# Is this my first Varroa? (or not?)



## Jeffzhear (Dec 2, 2006)

From my recollection, that doesn't look like the ones I have seen, so I would say not...
Will be interested to see what others write.


----------



## newbee 101 (May 26, 2004)

not even close...you wont find them crawling around the ground.....
Get a screened bottom board, if you want to see mites


----------



## Michael Bush (Aug 2, 2002)

You already have your first Varroa, you just haven't seen it yet.


----------



## Dave W (Aug 3, 2002)

Look for dark reddish-brown "specks" on sticky-board. Varroa are about the same color as a "dog tick" and about the size of a "flea".


----------



## Black Creek (May 19, 2006)

may be a spider mite. they are very bright red. if it is a spider mite, it was just there by chance. they feed on plants.


----------



## Hobie (Jun 1, 2006)

It looks very much like a spider mite. I find them crawling on concrete all the time, don't know why. Most of the ticks I've seen are brown or black and, you're right, bigger.


----------



## kawayanan (Aug 11, 2006)

Thanks everyone for the thoughts.

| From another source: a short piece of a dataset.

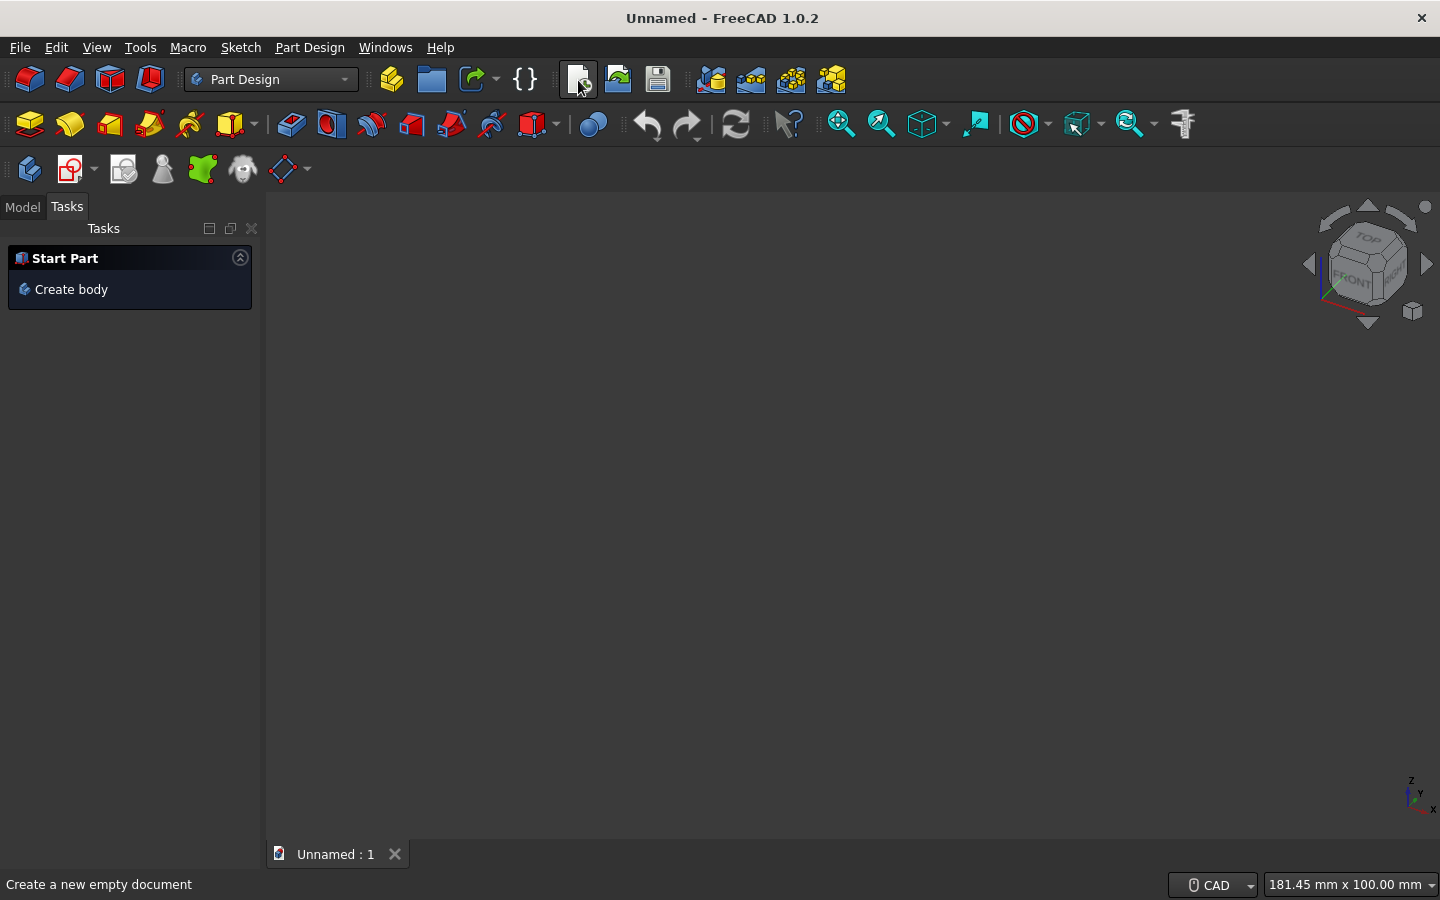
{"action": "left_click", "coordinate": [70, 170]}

I looked around on the web for info and pictures of spider mites (and red spider mites). After looking, the closest looking mites I found on the web so far came up when I did a "red spider mite" image search on google. (google image search on red spider mite) What was most interesting was that when I went to the pages where the pictures where, they were not pictures of spider mites, but rather pictures of predatory mites that can be used to kill spider mites. (Phytosieulus persimilis). The picture that looks the very most like what I saw is on this page. If you search for the date "06/14/2005", you will see a letter that included two pictures. The one on the right looks *exactly* like my mite. (I wish I could post it here, but there might be copyright issues). They seemed to originally think it was a predatory mite, but were corrected that it might be a Erythraeidae Balaustium, which is a pollen eater?

Bugs can definitely be interesting!


----------



## Brent Bean (Jun 30, 2005)

There isn’t any reason to wonder if you have Varroa ,YOU DO.


----------